Professionals have turned strongly bearish in their prospects of stock market and economy, according to Bank of America Merrill Lynch's December survey of more than 240 professional investors worldwide.

53% of those surveyed see the global economy deteriorating over the next twelve months, up from 44% in November, the highest proportion of those surveyed since October 2008.

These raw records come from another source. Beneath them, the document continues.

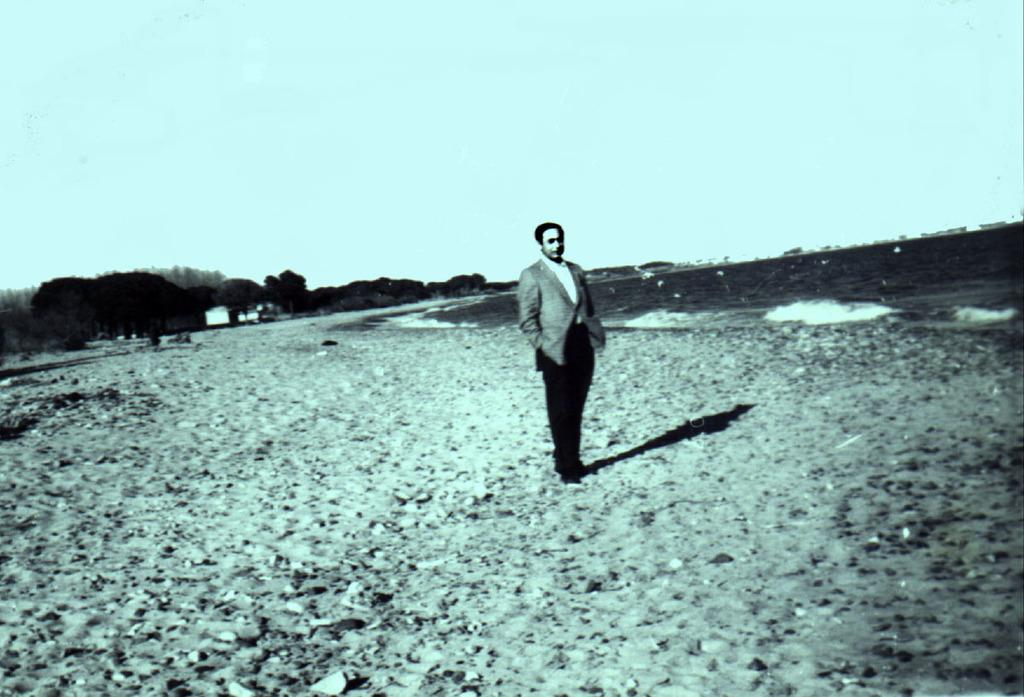What is the person in the image standing on? The person is standing on the sand surface. What is located behind the person? The person is in front of the sea. What can be seen in the background of the image? There are trees in the background of the image. What type of board is the person using to surf in the image? There is no board present in the image, and the person is not surfing. What pets can be seen accompanying the person in the image? There are no pets visible in the image. 
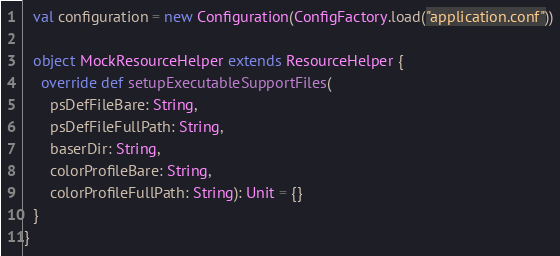<code> <loc_0><loc_0><loc_500><loc_500><_Scala_>  val configuration = new Configuration(ConfigFactory.load("application.conf"))

  object MockResourceHelper extends ResourceHelper {
    override def setupExecutableSupportFiles(
      psDefFileBare: String,
      psDefFileFullPath: String,
      baserDir: String,
      colorProfileBare: String,
      colorProfileFullPath: String): Unit = {}
  }
}
</code>

Bank of America Merrill Lynch

This bearishness has led to fund managers say that the most crowded trade right now is long dollar, after 10 straight months where the most popular smart-money deal was long FAANG + BAT shares, an acronym that accounts for the fast-growing US technology companies Facebook Inc.

FB, + 3.76%

Apple Inc. .

AAPL, + 1.58%

Amazon.com Inc.

AMZN, + 2.52%

Netflix Inc.

NFLX, + 4.56%

and Google parent Alphabet Inc .

GOOG, + 2.76%

plus the Chinese tech giants Baidu Inc .

BIDU, + 0.01%

Alibaba Holding Group Ltd.

BABA, -1.39%

and Tencent Holdings Ltd

TCEHY, ] + 0.81%

It has been common in recent years for money managers to report the dollar as the most crowded trade, for example, a 12-month period from October 2014 to September 2015. But in those cases, it was believed in the Federal Reserve's long-term plans for tighter monetary policy compared to the rest of the world that drove such an interest.

This time, according to Bank of America, the main investment strategy Michael Harnett, the fact that the dollar exchange rate is overflowing with a backdrop of bearishness against stocks and global growth, and the belief that the Federal Reserve is close to the end of its tightening cycle means that investors see a "recession comes," Harnett wrote in an analysis of the survey.

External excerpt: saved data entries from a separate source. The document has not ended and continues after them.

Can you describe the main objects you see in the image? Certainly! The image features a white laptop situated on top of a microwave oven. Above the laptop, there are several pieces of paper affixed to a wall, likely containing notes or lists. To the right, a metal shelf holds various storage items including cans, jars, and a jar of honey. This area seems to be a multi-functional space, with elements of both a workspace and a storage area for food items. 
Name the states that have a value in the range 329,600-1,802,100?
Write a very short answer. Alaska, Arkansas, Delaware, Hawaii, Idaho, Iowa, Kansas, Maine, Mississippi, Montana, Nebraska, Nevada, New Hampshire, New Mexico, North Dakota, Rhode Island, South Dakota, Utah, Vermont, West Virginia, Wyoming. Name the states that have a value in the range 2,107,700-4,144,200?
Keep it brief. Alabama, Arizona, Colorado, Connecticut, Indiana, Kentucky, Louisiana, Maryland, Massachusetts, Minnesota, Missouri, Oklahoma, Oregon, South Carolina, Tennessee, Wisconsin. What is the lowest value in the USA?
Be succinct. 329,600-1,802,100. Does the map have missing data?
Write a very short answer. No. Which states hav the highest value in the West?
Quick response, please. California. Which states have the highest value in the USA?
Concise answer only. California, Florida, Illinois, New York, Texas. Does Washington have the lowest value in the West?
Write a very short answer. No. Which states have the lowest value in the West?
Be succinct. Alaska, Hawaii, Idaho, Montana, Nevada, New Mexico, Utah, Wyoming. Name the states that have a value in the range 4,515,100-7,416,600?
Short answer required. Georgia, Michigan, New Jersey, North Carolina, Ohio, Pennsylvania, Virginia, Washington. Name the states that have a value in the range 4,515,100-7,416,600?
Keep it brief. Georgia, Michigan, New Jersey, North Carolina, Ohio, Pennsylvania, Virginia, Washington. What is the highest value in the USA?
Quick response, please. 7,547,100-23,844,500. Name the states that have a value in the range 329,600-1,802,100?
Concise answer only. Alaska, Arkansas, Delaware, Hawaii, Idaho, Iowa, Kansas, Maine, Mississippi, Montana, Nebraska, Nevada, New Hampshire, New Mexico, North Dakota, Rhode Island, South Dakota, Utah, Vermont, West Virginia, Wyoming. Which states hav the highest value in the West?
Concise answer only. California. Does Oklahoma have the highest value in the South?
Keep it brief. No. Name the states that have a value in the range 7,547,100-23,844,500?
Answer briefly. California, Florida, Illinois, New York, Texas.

This recent cautious attitude has contributed to burning a stamped from growth stocks to more secure investments, as the December survey showed the largest one-month rotation in bonds, along with major features in defense stocks such as staples and tools.


At the same time, the proportion of cash in mapped investors increased portfolios from 4.7% in November to 4.8% in December, but this level is "not enough to trigger a contracted purchase license for risk permissions", according to Harnett.

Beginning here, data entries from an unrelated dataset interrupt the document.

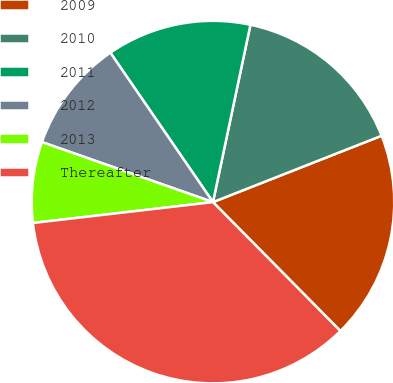Convert chart. <chart><loc_0><loc_0><loc_500><loc_500><pie_chart><fcel>2009<fcel>2010<fcel>2011<fcel>2012<fcel>2013<fcel>Thereafter<nl><fcel>18.56%<fcel>15.72%<fcel>12.89%<fcel>10.05%<fcel>7.21%<fcel>35.57%<nl></chart> 
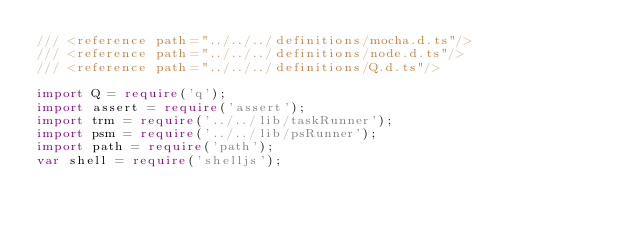Convert code to text. <code><loc_0><loc_0><loc_500><loc_500><_TypeScript_>/// <reference path="../../../definitions/mocha.d.ts"/>
/// <reference path="../../../definitions/node.d.ts"/>
/// <reference path="../../../definitions/Q.d.ts"/>

import Q = require('q');
import assert = require('assert');
import trm = require('../../lib/taskRunner');
import psm = require('../../lib/psRunner');
import path = require('path');
var shell = require('shelljs');</code>

Eric Wiegand, senior portfolio manager at US Bank, agrees with the results of the survey, telling MarketWatch that he has reduced risk in his customer portfolios, as he is waiting for more security about global growth, trade policy and the Fed-Cashier's Road Policy. "Institutional investors have torn and taken a more guarded position," he said.

Wiegand claims that the best effort to help improve investor feelings is a healthy round of healthy corporate earnings when the fourth quarter earnings season begins in just less than a month.

But equally strong fourth quarterly figures can be overwhelmed by a worsening global economy, exacerbated by trade tensions between the United States and China, as no concrete progress has been made on an agreement to eliminate the threat of higher tariffs in 2019.

Fund Managers Investigated by Bank of America agree as 37% of them say trade war dynamics are the biggest risk to the economy in the coming months, twice as many as those called either quantitative tightening or a decline in the Chinese economy.